# ===========================================================
# 09 Plotting

# Objectives
- Create a time series plot showing a single data set.
- Create a scatter plot showing relationship between two data sets.

## Matplotlib
- [`matplotlib`](https://matplotlib.org/) is a widely used scientific plotting library in Python.
- Pandas is built on top of Matplotlib
- A commonly used sub-library is called [`matplotlib.pyplot`](https://matplotlib.org/api/pyplot_api.html).
- The Jupyter Notebook will render plots inline if we ask it to using a "magic" command.

In [None]:
%matplotlib inline
import matplotlib.pyplot as plt

## Matplotlib usage
- Here is the general outline for creating a plot
  using Matplotlib

In [None]:
time = [0, 1, 2, 3]
position = [0, 100, 200, 300]

plt.plot(time, position)
plt.xlabel('Time (hr)')
plt.ylabel('Position (km)');  # `;` is not Python.
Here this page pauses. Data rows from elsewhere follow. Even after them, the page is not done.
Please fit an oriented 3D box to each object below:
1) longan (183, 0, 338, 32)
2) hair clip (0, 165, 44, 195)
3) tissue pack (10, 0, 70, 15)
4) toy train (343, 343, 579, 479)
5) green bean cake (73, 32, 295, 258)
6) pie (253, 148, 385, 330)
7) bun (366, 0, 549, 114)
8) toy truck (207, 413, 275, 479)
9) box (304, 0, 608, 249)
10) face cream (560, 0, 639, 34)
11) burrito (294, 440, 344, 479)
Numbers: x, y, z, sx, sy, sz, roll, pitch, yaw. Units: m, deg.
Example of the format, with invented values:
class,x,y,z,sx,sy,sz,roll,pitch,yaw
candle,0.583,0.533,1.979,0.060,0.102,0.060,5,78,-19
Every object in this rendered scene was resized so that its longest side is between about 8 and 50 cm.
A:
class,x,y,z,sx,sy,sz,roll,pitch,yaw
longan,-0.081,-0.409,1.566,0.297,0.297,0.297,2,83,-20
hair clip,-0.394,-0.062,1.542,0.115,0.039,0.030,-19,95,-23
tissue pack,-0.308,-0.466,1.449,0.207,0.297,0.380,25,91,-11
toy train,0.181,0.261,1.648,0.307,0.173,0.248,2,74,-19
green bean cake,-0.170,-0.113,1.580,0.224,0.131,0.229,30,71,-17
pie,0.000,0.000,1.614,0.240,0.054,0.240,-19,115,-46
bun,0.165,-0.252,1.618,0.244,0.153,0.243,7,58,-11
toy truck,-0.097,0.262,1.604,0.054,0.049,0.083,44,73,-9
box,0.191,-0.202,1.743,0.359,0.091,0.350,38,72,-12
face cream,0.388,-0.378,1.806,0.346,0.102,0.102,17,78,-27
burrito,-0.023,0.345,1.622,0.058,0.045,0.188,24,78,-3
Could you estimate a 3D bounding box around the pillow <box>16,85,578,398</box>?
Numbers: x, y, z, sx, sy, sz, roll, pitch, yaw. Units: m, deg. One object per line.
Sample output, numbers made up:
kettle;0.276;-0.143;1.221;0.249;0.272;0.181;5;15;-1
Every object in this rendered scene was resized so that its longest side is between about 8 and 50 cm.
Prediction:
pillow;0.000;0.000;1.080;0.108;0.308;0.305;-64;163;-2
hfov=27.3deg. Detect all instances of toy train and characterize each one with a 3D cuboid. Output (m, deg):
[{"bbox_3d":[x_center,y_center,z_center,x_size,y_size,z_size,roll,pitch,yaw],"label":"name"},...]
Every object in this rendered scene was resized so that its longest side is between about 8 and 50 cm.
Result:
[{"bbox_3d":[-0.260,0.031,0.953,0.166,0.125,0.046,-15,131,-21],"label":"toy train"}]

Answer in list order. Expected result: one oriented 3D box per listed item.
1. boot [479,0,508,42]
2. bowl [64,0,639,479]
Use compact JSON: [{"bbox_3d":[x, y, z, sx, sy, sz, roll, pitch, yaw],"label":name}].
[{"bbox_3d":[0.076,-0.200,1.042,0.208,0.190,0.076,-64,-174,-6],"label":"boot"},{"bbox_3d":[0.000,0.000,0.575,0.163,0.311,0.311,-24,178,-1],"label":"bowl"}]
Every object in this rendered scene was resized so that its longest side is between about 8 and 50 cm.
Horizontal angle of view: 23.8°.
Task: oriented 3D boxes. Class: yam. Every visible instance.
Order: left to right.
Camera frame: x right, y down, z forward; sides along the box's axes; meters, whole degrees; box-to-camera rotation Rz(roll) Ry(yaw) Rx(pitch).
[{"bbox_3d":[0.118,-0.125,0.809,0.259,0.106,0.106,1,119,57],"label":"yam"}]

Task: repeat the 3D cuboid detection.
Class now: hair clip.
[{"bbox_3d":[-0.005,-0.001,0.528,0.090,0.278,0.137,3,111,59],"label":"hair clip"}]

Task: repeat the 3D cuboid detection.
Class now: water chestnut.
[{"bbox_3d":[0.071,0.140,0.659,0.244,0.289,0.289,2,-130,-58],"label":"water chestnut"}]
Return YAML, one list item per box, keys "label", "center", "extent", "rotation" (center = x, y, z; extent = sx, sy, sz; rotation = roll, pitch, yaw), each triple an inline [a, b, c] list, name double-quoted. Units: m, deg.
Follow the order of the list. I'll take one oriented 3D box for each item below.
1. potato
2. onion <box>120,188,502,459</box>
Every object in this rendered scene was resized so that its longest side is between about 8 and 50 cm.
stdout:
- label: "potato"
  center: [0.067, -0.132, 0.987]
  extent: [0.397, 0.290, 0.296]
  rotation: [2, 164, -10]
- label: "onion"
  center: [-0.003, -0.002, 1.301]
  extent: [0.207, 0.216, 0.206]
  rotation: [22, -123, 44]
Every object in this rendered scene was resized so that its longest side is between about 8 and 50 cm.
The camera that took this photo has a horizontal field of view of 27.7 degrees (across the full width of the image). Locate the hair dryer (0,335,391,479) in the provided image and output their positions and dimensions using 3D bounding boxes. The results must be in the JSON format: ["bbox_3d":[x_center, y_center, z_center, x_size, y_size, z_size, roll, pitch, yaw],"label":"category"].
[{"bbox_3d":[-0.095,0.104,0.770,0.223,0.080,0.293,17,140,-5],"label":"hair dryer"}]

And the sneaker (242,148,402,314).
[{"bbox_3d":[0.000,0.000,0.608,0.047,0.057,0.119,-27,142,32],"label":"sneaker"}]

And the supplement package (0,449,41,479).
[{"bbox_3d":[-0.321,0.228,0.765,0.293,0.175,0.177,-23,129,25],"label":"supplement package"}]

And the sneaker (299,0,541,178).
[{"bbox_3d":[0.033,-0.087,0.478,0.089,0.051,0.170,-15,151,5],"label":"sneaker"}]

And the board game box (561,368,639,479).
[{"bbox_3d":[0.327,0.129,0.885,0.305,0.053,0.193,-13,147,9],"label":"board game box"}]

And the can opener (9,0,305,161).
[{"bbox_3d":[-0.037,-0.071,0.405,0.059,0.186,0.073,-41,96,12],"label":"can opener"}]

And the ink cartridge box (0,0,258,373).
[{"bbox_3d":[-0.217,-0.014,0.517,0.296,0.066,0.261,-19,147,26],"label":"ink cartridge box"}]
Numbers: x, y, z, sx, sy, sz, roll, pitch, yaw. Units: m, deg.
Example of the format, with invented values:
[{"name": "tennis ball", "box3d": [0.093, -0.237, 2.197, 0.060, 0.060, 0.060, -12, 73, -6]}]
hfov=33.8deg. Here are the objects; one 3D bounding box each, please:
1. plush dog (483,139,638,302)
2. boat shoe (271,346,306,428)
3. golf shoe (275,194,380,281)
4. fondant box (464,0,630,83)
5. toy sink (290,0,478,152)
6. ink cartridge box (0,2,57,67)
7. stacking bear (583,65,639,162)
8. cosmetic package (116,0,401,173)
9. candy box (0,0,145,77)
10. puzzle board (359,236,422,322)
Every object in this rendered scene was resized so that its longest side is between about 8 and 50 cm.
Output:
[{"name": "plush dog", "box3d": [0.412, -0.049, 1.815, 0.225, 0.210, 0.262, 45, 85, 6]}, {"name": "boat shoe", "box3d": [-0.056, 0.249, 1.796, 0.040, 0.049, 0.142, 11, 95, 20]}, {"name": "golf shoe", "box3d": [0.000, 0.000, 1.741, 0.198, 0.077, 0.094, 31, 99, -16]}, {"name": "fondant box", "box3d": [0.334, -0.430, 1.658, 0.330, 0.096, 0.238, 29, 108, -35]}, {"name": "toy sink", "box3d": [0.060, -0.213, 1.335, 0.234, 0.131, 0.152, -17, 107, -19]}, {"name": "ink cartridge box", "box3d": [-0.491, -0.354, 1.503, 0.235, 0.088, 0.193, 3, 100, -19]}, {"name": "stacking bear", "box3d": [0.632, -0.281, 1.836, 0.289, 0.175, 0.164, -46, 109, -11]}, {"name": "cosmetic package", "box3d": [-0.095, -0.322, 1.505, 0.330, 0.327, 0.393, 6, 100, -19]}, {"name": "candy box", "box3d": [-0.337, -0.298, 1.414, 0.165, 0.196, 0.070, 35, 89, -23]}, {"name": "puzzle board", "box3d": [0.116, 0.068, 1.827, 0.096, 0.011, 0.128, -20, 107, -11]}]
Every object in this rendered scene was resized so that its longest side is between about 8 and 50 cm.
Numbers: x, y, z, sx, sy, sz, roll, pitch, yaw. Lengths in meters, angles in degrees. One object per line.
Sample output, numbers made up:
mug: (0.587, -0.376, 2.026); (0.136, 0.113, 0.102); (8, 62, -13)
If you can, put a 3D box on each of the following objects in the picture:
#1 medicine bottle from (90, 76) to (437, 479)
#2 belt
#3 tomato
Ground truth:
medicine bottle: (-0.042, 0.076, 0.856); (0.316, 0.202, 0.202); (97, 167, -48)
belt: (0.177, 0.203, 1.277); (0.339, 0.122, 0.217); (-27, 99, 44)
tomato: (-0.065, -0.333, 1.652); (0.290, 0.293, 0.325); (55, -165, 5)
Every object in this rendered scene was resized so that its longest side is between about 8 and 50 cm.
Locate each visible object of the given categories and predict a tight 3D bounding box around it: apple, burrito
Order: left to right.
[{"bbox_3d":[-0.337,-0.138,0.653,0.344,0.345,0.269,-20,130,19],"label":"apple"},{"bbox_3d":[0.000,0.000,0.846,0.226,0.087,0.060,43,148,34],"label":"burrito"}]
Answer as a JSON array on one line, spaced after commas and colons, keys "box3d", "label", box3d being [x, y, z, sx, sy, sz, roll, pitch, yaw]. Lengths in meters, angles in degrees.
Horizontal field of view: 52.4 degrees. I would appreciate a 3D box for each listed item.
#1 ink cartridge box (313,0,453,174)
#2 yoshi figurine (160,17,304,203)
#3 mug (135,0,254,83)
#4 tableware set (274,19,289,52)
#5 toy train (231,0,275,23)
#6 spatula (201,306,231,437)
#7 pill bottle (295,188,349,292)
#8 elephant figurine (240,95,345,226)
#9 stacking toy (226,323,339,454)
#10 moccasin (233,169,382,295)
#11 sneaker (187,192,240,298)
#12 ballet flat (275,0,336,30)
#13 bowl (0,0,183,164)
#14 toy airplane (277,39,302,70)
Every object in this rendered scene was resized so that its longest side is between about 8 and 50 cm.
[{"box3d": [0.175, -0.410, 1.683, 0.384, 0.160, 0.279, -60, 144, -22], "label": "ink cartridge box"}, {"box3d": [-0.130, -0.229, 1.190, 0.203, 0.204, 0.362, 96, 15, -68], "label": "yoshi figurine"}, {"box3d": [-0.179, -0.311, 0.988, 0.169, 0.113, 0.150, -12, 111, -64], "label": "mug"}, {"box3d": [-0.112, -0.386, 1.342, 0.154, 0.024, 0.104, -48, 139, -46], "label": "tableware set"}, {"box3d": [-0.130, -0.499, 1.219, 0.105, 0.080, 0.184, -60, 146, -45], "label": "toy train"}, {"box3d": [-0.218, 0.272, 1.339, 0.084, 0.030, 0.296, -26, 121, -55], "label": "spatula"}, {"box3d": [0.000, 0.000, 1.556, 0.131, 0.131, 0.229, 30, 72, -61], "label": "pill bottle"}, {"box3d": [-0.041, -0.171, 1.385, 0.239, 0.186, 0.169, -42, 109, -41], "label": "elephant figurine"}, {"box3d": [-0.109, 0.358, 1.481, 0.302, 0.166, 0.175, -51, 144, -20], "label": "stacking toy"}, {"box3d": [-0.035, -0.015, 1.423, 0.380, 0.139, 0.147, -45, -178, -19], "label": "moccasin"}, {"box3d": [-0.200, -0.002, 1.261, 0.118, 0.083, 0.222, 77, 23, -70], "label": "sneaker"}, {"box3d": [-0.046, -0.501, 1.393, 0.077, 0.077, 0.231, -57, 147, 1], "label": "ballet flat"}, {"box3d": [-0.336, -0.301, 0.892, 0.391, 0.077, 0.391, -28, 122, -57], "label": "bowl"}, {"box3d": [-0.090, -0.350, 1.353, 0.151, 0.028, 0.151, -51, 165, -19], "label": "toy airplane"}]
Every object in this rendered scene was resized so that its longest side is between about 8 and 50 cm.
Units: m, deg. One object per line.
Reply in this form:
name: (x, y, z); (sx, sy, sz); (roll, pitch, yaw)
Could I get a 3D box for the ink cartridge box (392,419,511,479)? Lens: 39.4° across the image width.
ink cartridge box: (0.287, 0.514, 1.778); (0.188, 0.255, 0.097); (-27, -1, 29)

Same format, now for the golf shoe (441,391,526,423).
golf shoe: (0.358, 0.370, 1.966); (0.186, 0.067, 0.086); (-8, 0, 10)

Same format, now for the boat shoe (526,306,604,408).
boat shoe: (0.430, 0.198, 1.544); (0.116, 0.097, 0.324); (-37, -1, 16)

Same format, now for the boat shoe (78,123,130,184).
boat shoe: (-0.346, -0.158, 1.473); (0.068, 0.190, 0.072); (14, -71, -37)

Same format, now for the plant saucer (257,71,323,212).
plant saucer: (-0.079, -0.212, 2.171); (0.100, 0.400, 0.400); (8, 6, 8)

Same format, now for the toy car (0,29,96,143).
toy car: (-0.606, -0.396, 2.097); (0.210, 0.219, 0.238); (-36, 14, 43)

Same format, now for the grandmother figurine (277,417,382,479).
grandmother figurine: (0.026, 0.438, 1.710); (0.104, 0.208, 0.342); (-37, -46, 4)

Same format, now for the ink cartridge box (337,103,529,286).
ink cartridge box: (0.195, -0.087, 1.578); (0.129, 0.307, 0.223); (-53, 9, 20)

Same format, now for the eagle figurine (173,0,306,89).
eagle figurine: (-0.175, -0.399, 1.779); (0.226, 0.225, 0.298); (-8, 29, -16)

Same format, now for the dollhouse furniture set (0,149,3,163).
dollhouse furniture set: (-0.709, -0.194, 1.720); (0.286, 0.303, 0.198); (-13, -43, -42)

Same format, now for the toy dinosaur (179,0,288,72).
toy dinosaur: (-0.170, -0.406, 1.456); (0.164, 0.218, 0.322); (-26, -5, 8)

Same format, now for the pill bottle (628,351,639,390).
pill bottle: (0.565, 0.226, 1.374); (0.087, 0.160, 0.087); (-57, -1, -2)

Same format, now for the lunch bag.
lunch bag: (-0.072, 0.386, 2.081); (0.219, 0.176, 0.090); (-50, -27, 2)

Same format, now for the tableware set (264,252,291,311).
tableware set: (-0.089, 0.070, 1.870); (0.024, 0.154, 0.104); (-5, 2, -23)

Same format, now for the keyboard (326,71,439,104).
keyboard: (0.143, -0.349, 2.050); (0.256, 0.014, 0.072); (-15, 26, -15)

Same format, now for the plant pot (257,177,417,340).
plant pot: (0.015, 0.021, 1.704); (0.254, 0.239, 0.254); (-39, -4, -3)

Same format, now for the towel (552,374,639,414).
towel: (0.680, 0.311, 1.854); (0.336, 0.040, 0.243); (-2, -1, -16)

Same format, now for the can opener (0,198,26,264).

This makes the notebook surpress extra messages from Matplotlib

## Plotting with Pandas
- Since Pandas is built on matplotlib, we can plot data directly from a dataframe.
- Before plotting, we convert the column headings from a `string` to `integer` data type, since they represent numerical values

In [None]:
import pandas as pd

data = pd.read_csv('data/gapminder_gdp_oceania.csv', index_col='country')

# Extract year from last 4 characters of each column name
# The current column names are structured as 'gdpPercap_(year)', 
# so we want to keep the (year) part only; this provides clarity when plotting GDP against years.
# To do this we use strip(), which removes the characters stated in the argument from the string.
# This method works on strings, so we call str() before strip().

years = data.columns.str.strip('gdpPercap_')

# Convert year values to integers, saving results back to dataframe

data.columns = years.astype(int)

# Look at it now

data

In [None]:
# Plot the data for Australia
data.loc['Australia'].plot();

In [None]:
# 1. Plot the data for New Zealand
data.loc['New Zealand'].plot();

# Tranposing for a Plot

- By default, dataframes plot with the rows as the X axis.
- We can transpose the data in order to plot multiple series.

In [None]:
data.T.plot()
plt.ylabel('GDP per capita')

## Plot Types
- Many styles of plot are available.

In [None]:
plt.style.use('ggplot')
data.T.plot(kind='bar')
plt.ylabel('GDP per capita');

- `.plot` has many attributes, including all the plot types it can produce

In [None]:
# List available plots
[method_name for method_name in dir(data.plot) if not method_name.startswith("_")]

- Let's make a scatter plot of Australia's GDP against New Zealand's GDP.

In [None]:
data.T.plot.scatter(x = 'Australia', y = 'New Zealand');

# Objectives
- Create a time series plot showing a single data set.
- Create a scatter plot showing relationship between two data sets.